Author of Spinster: Making a Life of One's Own
When Kate Bolick's 2011 Atlantic story, “All the Single Ladies” was published, it marked only the third time in the magazine's storied history that a female author had appeared on the cover. Interest in Bolick's marquee article was so intense that it landed her a book deal, and is now being made into a show on CBS. Her book, Spinster: A Life of One's Own, is forthcoming in April 2015 from Crown.
Bolick has appeared on The Today Show, CNN, Fox News, MSNBC, The Gayle King Show, and numerous NPR programs across the country.
CBS has given a script commitment to a single-camera, half-hour show based on Bolick's "All the Single Ladies" Atlantic story. Bolick will serve as co-producer.
Spinster: Making a Life of One's Own
“Whom to marry, and when will it happen—these two questions define every woman’s existence.” So begins this bold, original keynote from journalist and cultural critic Kate Bolick. Using her own experiences as a starting point, Bolick weaves together the past and present to examine why she—along with over 100 million American women, whose ranks keep growing—remains unmarried.
After a half century of ascent for women, which coincided with the descent of men, we've reached a historical point where career-minded women are finding fewer suitable mates, and are marrying later and in fewer numbers. What does this mean for women, for men, and for our society? This unprecedented demographic shift, Bolick explains, is the logical outcome of hundreds of years of change that has neither been fully understood, nor appreciated. It's an unreservedly inquisitive talk that asks us to acknowledge the opportunities that exist within ourselves to live authentically.
Spinster: A Life of One's Own
“Whom to marry, and when will it happen—these two questions define every woman’s existence.” So begins Spinster, a revelatory and slyly erudite look at the pleasures and possibilities of remaining single. Using her own experiences as a starting point, journalist and cultural critic Kate Bolick invites us into her carefully considered, passionately lived life, weaving together the past and present to examine why she—along with over 100 million American women, whose ranks keep growing—remains unmarried.

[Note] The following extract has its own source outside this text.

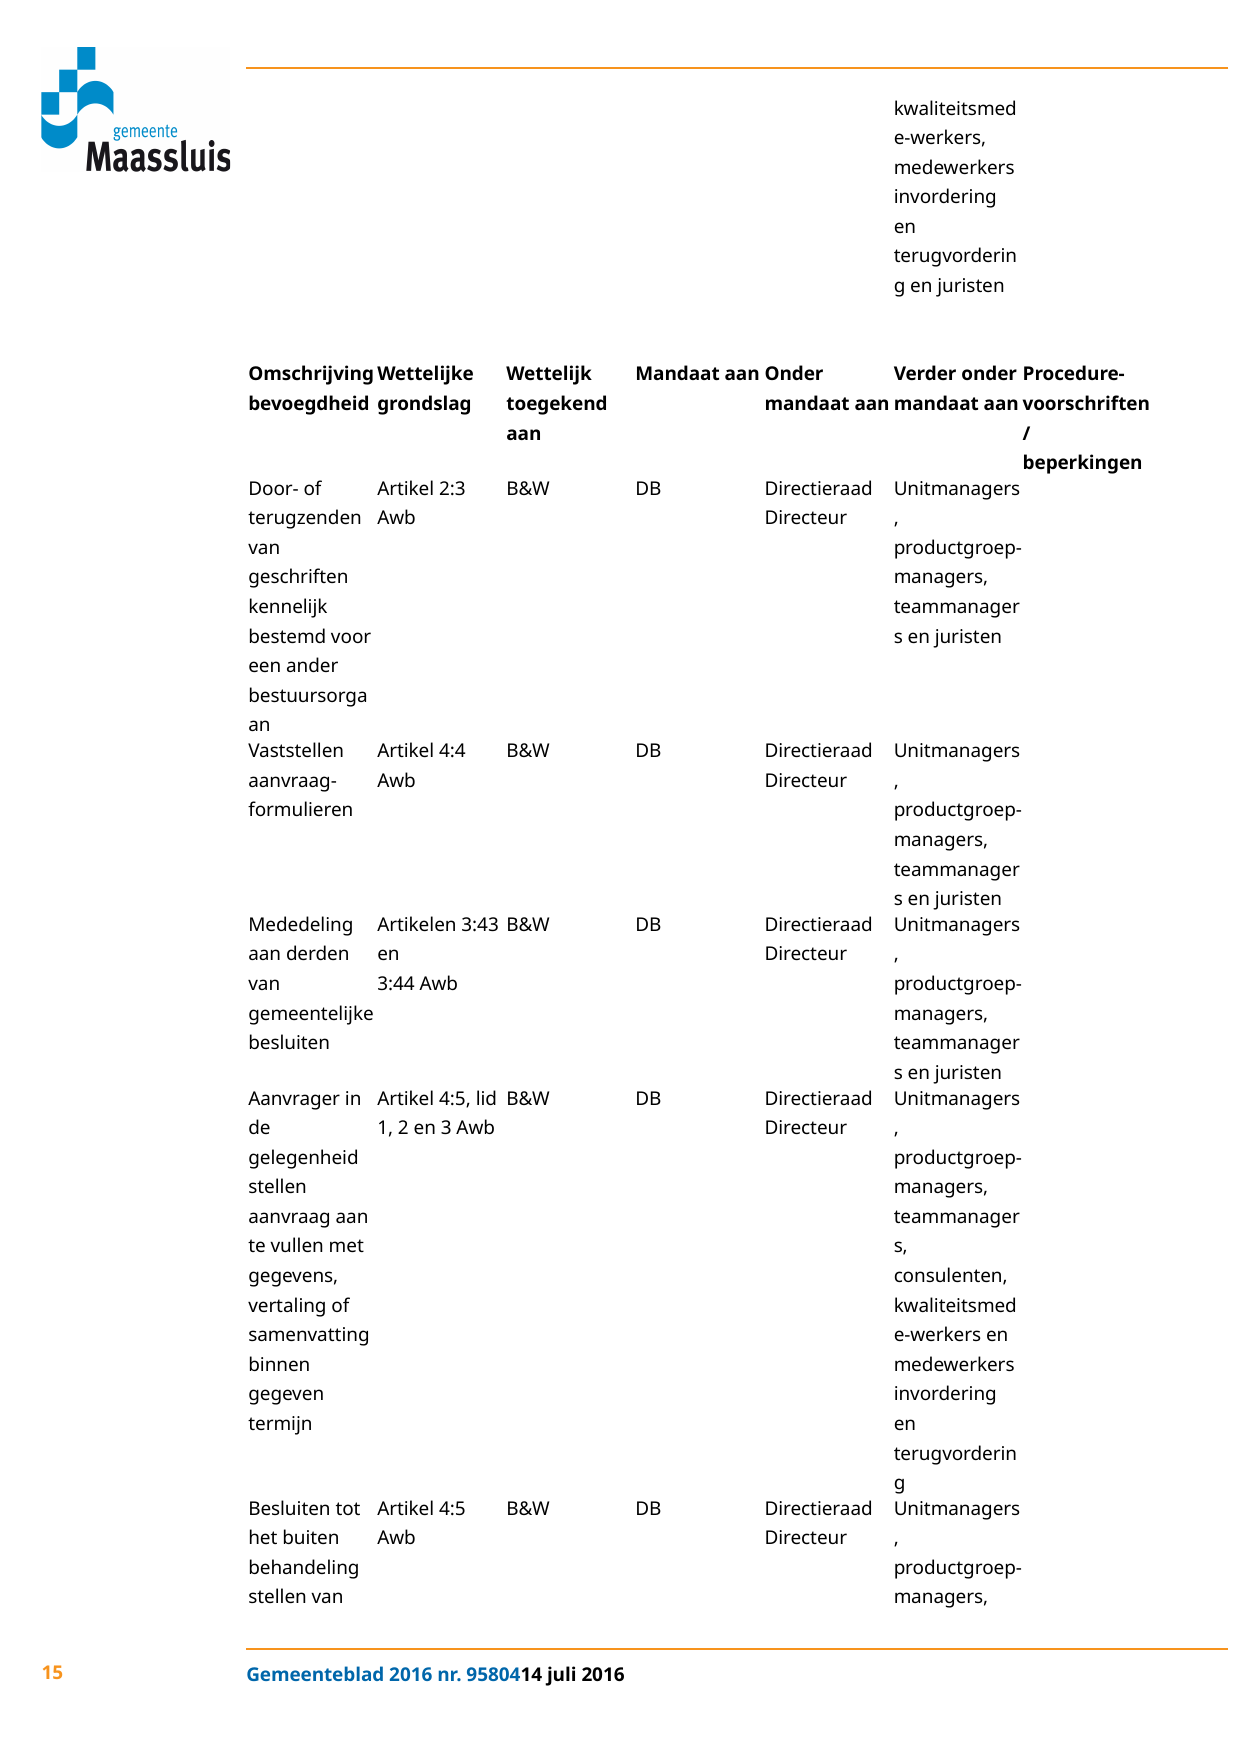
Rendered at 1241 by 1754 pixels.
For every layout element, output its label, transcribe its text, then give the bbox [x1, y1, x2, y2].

This unprecedented demographic shift, Bolick explains, is the logical outcome of hundreds of years of change that has neither been fully understood, nor appreciated. Spinster introduces a cast of pioneering women from the last century whose genius, tenacity, and flair for drama have emboldened Bolick to fashion her life on her own terms: journalist Neith Boyce, essayist Maeve Brennan, social reformer Charlotte Perkins Gilman, poet Edna St. Vincent Millay, and novelist Edith Wharton. By animating their unconventional ideas and choices, Bolick shows us that contemporary debates about settling down, and having it all, are timeless, the crucible upon which all thoughtful women have tried for centuries to forge a good life.
Intellectually substantial and deeply personal, Spinster is a new kind of unreservedly inquisitive work of memoir and broader cultural exploration that asks us to acknowledge the opportunities that exist within ourselves to live authentically. Bolick offers readers a way back into their own lives—a chance to see those splendid years when we were young and unencumbered, or middle-aged and finally left to our own devices, for what they really are: unbounded and our own to savor.